It is an accepted part of self-help wisdom that it takes twenty-one days to create a new habit. Usually this wisdom is used to track the creation of positive habits like losing weight, stopping smoking, reducing alcohol consumption, etc. But it can be just as valuable to monitor the creation of bad habits. Just as a good habit will stick with you after twenty-one days, so will a bad habit. Below are twenty-one things that seem small at the time, taken individually, but can be destructive to your wealth if allowed to become habits.

1. Start eating out a lot. Meals out are expensive and it is very easy and tempting to fall back on them when you’re harried and hungry.
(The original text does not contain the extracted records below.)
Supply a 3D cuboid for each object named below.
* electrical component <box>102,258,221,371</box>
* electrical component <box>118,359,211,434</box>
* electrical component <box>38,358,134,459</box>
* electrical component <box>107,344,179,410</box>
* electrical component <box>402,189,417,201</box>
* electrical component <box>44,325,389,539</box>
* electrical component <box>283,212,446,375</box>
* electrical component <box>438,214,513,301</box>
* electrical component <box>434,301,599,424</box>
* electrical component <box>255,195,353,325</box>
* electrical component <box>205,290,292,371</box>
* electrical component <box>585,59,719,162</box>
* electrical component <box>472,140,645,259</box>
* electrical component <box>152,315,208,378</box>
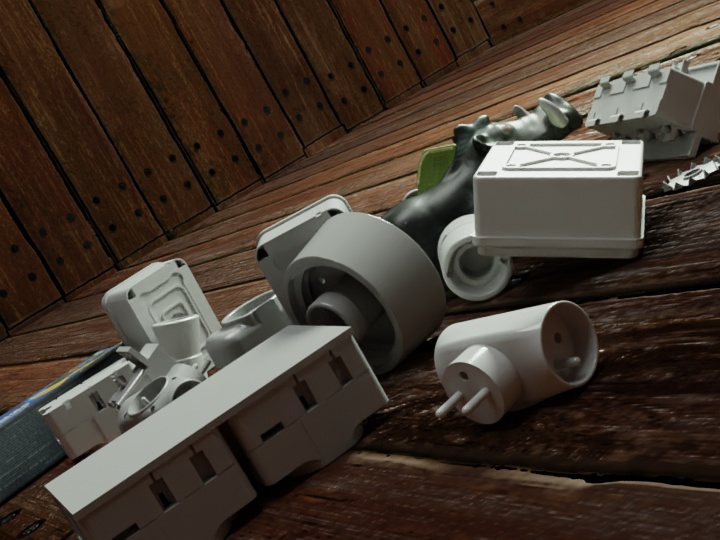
[{"bbox_3d":[-0.190,0.054,1.050,0.078,0.113,0.057,-37,16,-37],"label":"electrical component"},{"bbox_3d":[-0.146,0.102,0.863,0.077,0.044,0.079,-19,29,44],"label":"electrical component"},{"bbox_3d":[-0.234,0.127,0.971,0.089,0.055,0.050,-33,11,-20],"label":"electrical component"},{"bbox_3d":[-0.177,0.101,0.914,0.063,0.081,0.042,-56,19,-17],"label":"electrical component"},{"bbox_3d":[0.065,-0.069,1.177,0.040,0.040,0.046,-28,4,3],"label":"electrical component"},{"bbox_3d":[-0.085,0.108,0.648,0.186,0.060,0.105,-33,11,-22],"label":"electrical component"},{"bbox_3d":[-0.003,0.022,0.730,0.108,0.108,0.060,-17,22,49],"label":"electrical component"},{"bbox_3d":[0.084,-0.008,0.780,0.055,0.055,0.047,-27,14,11],"label":"electrical component"},{"bbox_3d":[0.069,0.052,0.548,0.079,0.044,0.077,-37,13,-38],"label":"electrical component"},{"bbox_3d":[-0.022,0.008,0.819,0.078,0.113,0.057,-28,13,6],"label":"electrical component"},{"bbox_3d":[-0.076,0.055,0.889,0.095,0.059,0.054,-34,11,-27],"label":"electrical component"},{"bbox_3d":[0.243,-0.133,0.894,0.121,0.063,0.078,-170,99,-74],"label":"electrical component"},{"bbox_3d":[0.137,-0.051,0.729,0.109,0.056,0.108,1,19,15],"label":"electrical component"},{"bbox_3d":[-0.164,0.078,0.995,0.044,0.065,0.044,-13,3,1],"label":"electrical component"}]

The more you do it, the easier it becomes to just “grab and go” and before you know it you’re spending major amounts of money on meals out.

2. Raid the emergency fund for “fun.” Sometimes people reach a place where they think, “I’m not going to have an emergency, so why bother keeping all this money in an emergency fund?” They then divert that money to fun things and, sure enough, the roof begins to leak or the car needs a major repair, setting them back hundreds if not thousands of dollars.

3. Raid your retirement funds. When things get tight (or more fun is needed), some people look to their retirement funds as a source of ready cash. Problem is, when you take that money out of the account prematurely, you’ll pay taxes and penalties, plus you’ll lose out on the compound interest. Even if you avoid the penalties through a hardship loan, you’re still losing out on the interest and you still have to pay the money back. This costs you big when you’re ready to retire. Only tap retirement funds as the last resort.

4. Stop contributing to retirement. When things get tight, some people opt to stop contributing to retirement. Unless you’ve got no other choice, you’re better off reducing your expenses or earning money another way. Retirement savings need time to grow and if you stop contributing, you cheat yourself out of valuable time and interest. Besides, once you subject that income to taxes, you might not increase your income as much as you think, yet you cost yourself in retirement. And once you stop contributing, it becomes more difficult to begin the positive habit again.

5. Stop saving. Sometimes people stop saving, figuring their emergency fund is big enough or they’ve got enough money for that car. But you need to keep saving because another car will be needed someday, or you’ll want a vacation, or something will wipe out your emergency fund. Plus, saving is a habit and once you get out of the habit, it’s hard to get going again.

6. Put off caring for others. Don’t make out a will, set up a trust, or get life insurance and your survivors will see the nest egg you’ve built for them dwindle quickly as they struggle to adjust to your absence and cover and debts you’ve left behind.

7. Put off getting or increasing your insurance. If you think that fire, accident, lawsuit, or health crisis can never happen to you, think again. Failing to protect yourself and your family against the bad things in life can cost you thousands.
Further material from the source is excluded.